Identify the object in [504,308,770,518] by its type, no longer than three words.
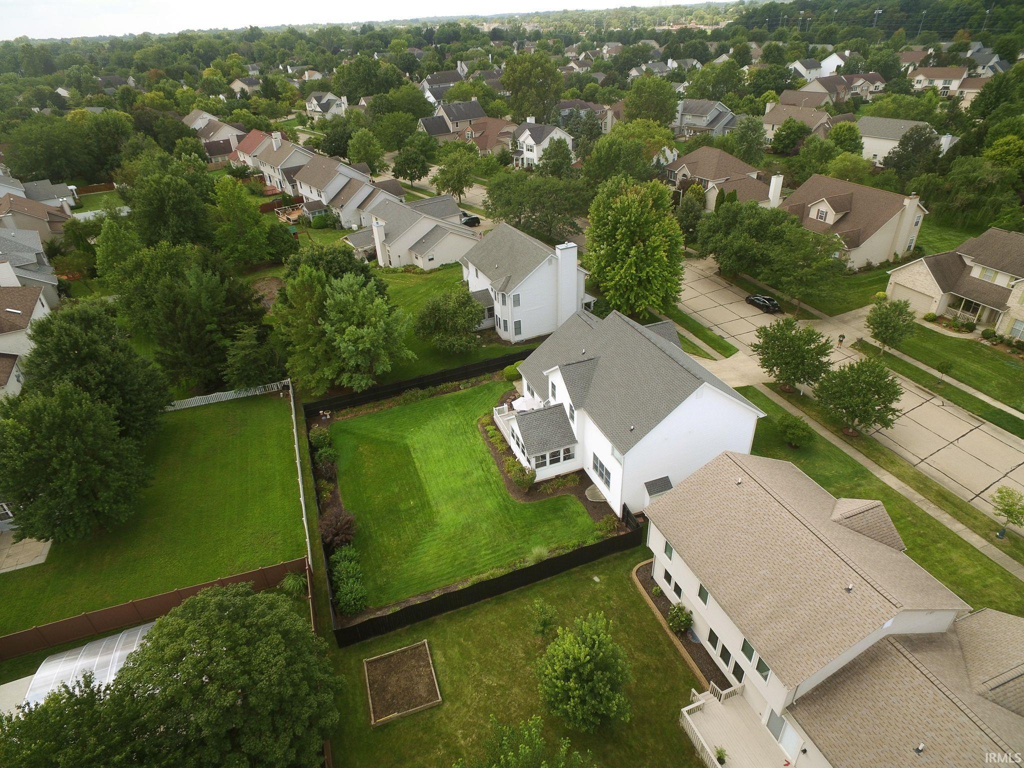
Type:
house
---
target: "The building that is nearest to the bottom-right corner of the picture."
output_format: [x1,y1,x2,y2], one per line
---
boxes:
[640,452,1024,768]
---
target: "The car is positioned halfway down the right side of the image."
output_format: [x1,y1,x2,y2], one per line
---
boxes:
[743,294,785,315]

---

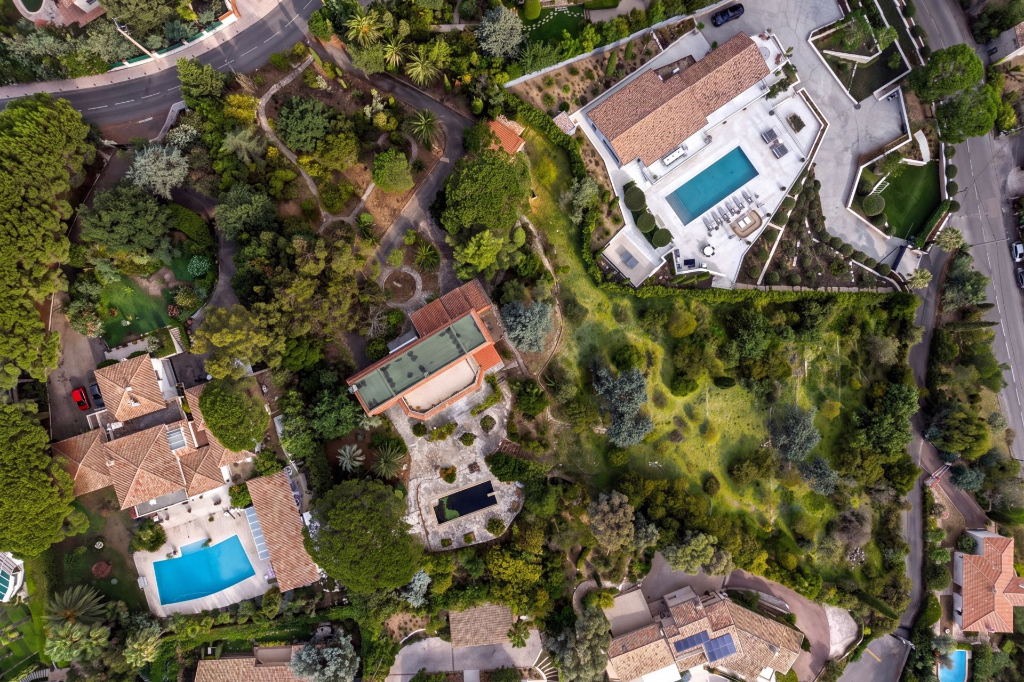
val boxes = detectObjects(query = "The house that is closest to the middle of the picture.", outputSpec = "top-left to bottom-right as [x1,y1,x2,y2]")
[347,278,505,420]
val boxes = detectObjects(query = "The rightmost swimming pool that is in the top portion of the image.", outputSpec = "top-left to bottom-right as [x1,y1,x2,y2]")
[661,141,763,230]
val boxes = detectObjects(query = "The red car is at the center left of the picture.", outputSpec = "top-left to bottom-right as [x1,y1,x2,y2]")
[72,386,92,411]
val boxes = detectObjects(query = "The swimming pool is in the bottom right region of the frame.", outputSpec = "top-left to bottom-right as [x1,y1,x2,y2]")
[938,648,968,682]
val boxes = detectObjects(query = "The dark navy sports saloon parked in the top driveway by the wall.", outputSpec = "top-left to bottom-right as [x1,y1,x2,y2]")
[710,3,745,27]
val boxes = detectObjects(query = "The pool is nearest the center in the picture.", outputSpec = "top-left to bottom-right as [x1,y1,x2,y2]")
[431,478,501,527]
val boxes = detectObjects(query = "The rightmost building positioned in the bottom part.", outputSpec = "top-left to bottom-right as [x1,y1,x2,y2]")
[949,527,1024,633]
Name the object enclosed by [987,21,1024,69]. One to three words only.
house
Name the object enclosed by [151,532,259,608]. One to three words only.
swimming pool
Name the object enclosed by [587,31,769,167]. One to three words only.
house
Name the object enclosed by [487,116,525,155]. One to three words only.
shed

--

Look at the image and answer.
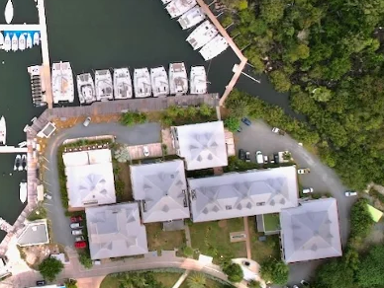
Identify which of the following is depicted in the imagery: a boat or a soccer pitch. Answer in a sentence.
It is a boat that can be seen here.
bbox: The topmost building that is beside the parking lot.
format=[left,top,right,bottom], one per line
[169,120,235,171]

◆ PROBLEM:
Filter the listing above, keeping only the lines with "target".

◆ YOUR RESPONSE:
target: "The building that is nearest to the bottom-right corner of the picture."
target: "The car is positioned halfway down the right side of the image."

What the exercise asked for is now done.